The hierarchy of class loaders in Java

As mentioned above, Java class loaders are common classes. ExtClassLoader and AppClassLoader are both subclasses of URLClassLoader, and the INHERITANCE relationship of URL is as follows:

AppClassLoader and ExtClassLoader are subclasses of ClassLoader. As described above, the getLauncher method of sun.misc.Launcher gets an instance of the Launcher when the JVM starts, in which case the Launcher creates an instance of that class through the constructor.
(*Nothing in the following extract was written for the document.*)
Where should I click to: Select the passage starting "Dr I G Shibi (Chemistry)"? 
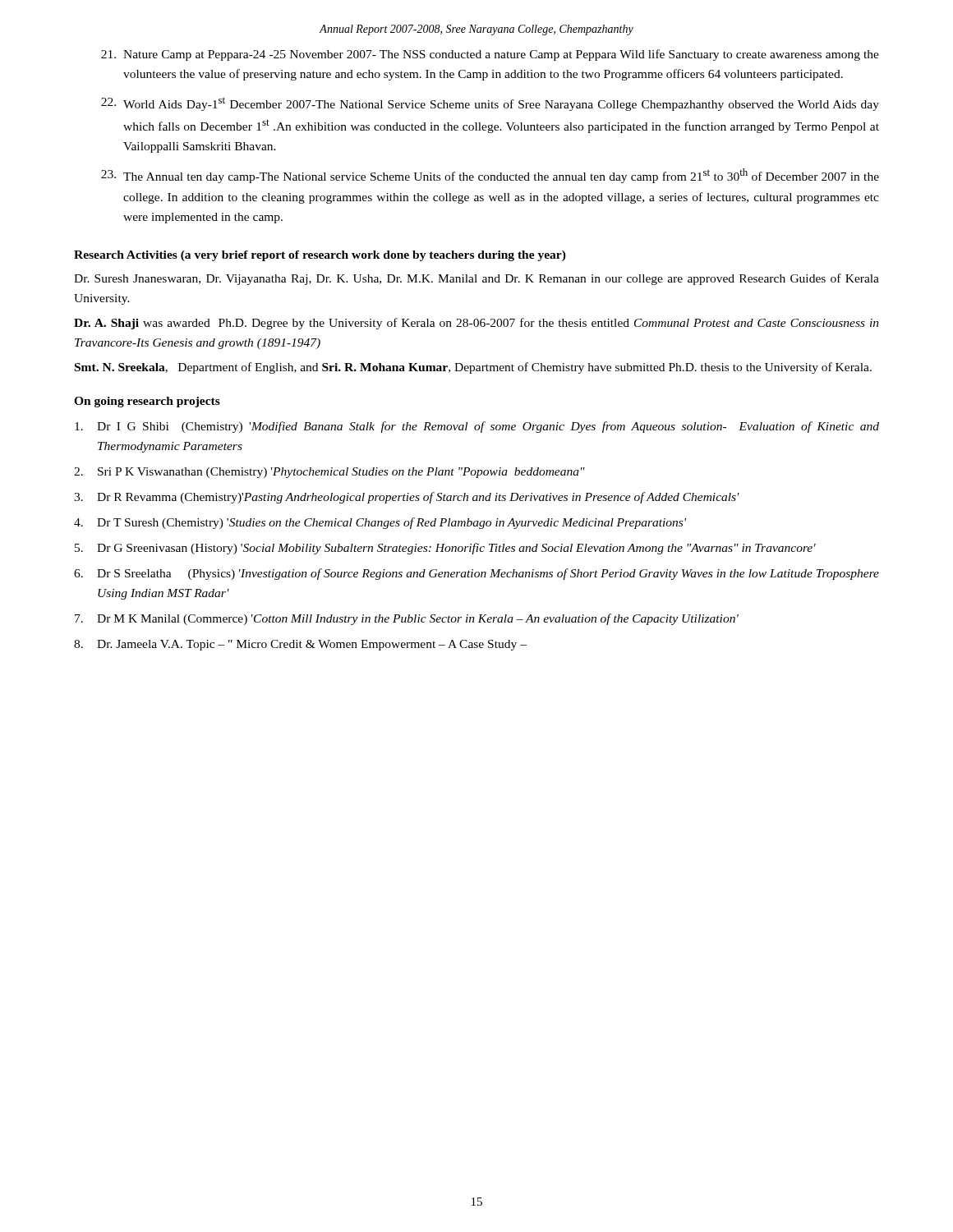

Sun.misc.Launcher is constructed as follows:

public Launcher() { Launcher.ExtClassLoader var1; Try {/ / create ExtClassLoader var1 = the Launcher. ExtClassLoader. GetExtClassLoader (); } catch (IOException var10) { throw new InternalError("Could not create extension class loader", var10); } the try {/ / create AppClassPoader enclosing loader. = the Launcher AppClassLoader. GetAppClassLoader (var1); } catch (IOException var9) { throw new InternalError("Could not create application class loader", var9); } // omit the code.... }}Copy the code

By analyzing the sun.misc.Launcher constructor, we know that instance creation of the Sun.misc.Launcher class creates AppClassLoader instances and ExtClassLoader instances. Both classloaders inherit from ClassLoader, and ClassLoader has a parent global variable for ClassLoader, which is also ClassLoader:

public abstract class ClassLoader { private static native void registerNatives(); static { registerNatives(); } // The parent class loader for delegation // Note: VM hardcoded the offset of this field, thus all new fields // must be added *after* it. private final ClassLoader parent; // omit the code.... }Copy the code

When sun.misc.Launcher is created, the parent property of ExtClassLoader and AppClassLoader is specified as NULL and ExtClassLoader respectively. The mechanism of a class loader in Java is as follows:

Custom class loaders

This class has two core methods. The first is loadClass(String, Boolean), which implements the parent delegate mechanism, the general logic

1. First, check to see if the class with the specified name has already been loaded. If it has been loaded, it does not need to be loaded again and returns directly.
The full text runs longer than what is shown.